2. John Lackey, SP, Angels. The big righthander, who turns 30 in October, has pitched well enough lately to cement his status as the market’s best available starting pitcher. The chances of Lackey re-upping with the Angels are no better than 50-50.
McNeal doesn’t suggest a length, so I’ll guess four years, which projects to $56 million ($14 million per year). The recent injury may scare some teams away, but it looks like he has returned to healthy form.
3. Jason Bay, OF, Red Sox. He enhanced Red Sox general manager Theo Epstein’s already considerable reputation by productively and professional succeeding Manny Ramirez. But there is little room for sentiment in Boston’s front office. Given a choice, the Red Sox would take Holliday.
I’ll go with four years again (why not?): $58 million ($14.5 per year)

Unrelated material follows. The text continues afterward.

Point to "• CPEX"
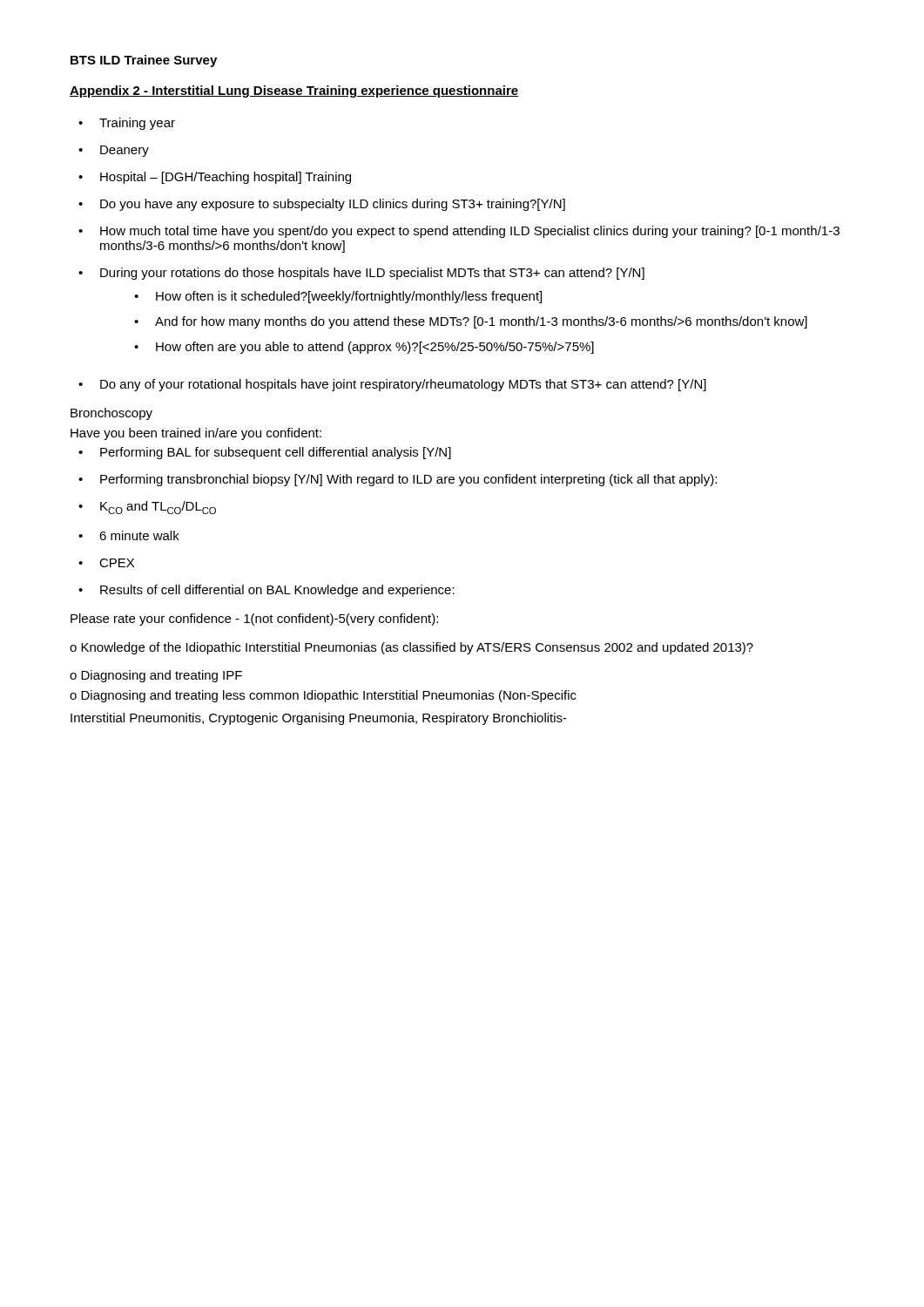924x1307 pixels. (x=106, y=563)
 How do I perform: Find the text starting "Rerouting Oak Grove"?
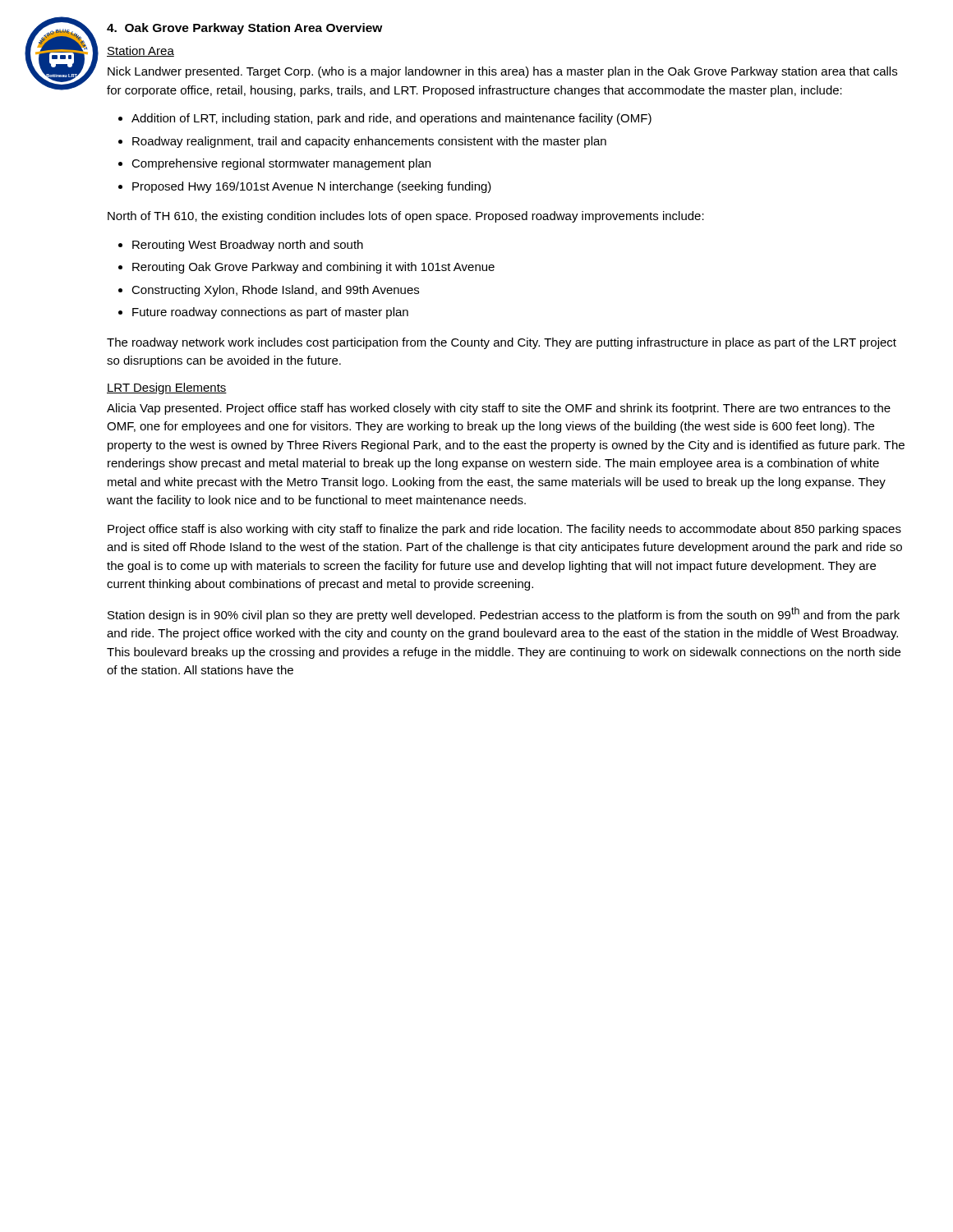coord(306,268)
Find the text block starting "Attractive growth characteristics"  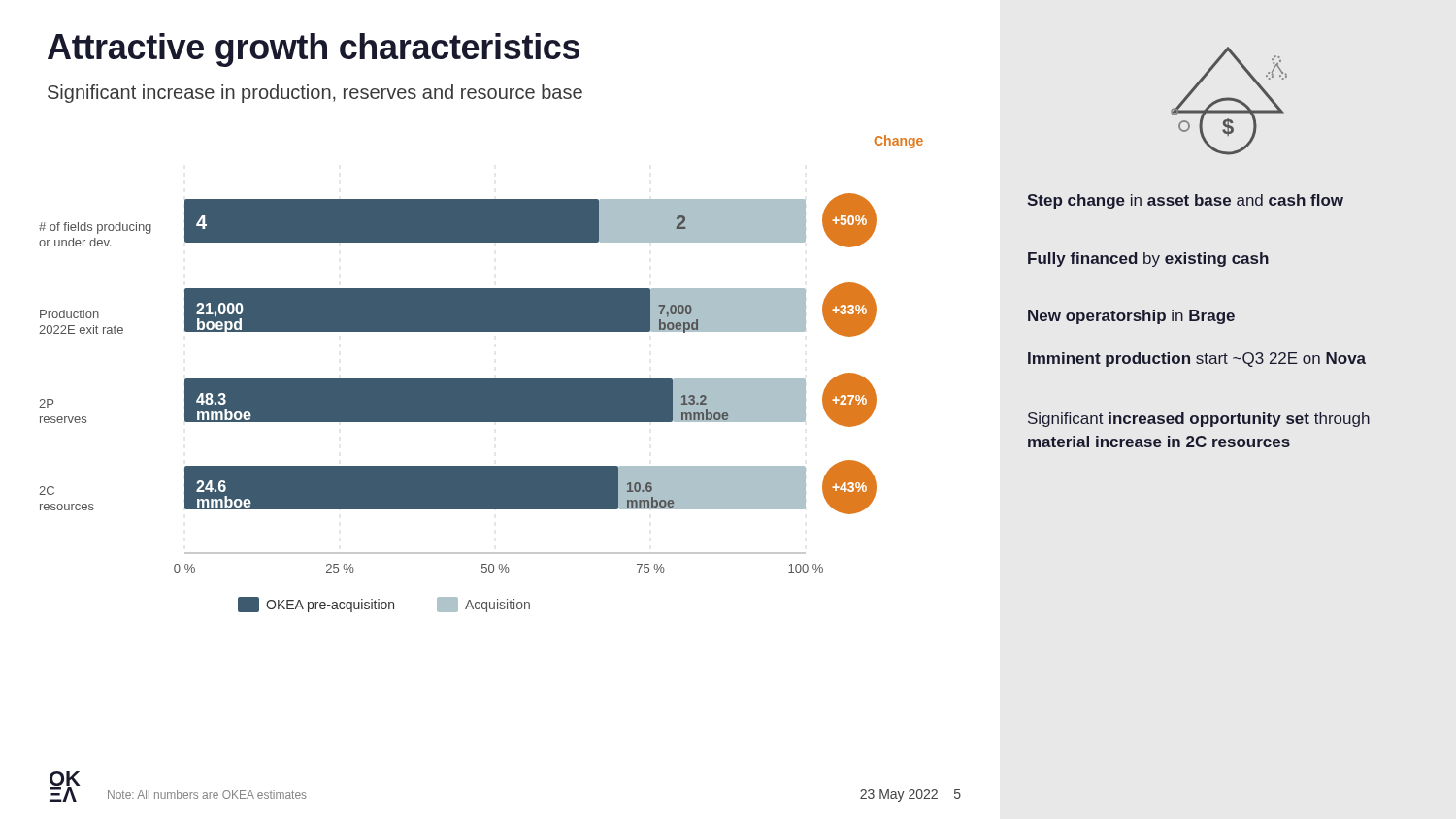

4. Chone Figgins, 3B, Angels. Improved discipline has improved his on-base percentage to .400-plus and made him the game’s top leadoff hitter this season, guaranteeing him a significant raise from the $5.775 million he is making this season. A prototypical Angel, Figgins says he wants to stay. Just don’t talk bring that hometown-discount talk his way; he has heard there will be interest from the big-money teams.
Four years, $38 million ($9.5 million per year). Significant raise is a go.
5. Jason Marquis, SP, Rockies. His numbers are similar to another sinkerballer, St. Louis’ Joel Pineiro, but Marquis makes this list because he has posted his numbers at Coors Field. Marquis should get a slight bump from his current three-year, $21 million deal, but is he a $10 million a year pitcher? Don’t think so.
The most-frustrating pitcher in the world. Four years, $29 million ($7.25 million per year). Nope, not a $10-million man.